- WHAT NEEDS TO BE DONE
Go through the records and filter out every line lacking the word "with"; copy the lines that remain.

- DATA TO USE
:::
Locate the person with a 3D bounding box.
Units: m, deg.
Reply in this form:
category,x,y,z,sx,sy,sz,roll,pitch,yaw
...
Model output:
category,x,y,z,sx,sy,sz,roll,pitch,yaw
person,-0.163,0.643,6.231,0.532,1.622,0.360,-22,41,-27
:::
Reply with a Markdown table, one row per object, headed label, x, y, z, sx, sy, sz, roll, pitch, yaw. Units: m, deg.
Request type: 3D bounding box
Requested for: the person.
:::
- RESPONSE
Locate the person with a 3D bounding box.
Reply with a Markdown table, one row per object, headed label, x, y, z, sx, sy, sz, roll, pitch, yaw. Units: m, deg.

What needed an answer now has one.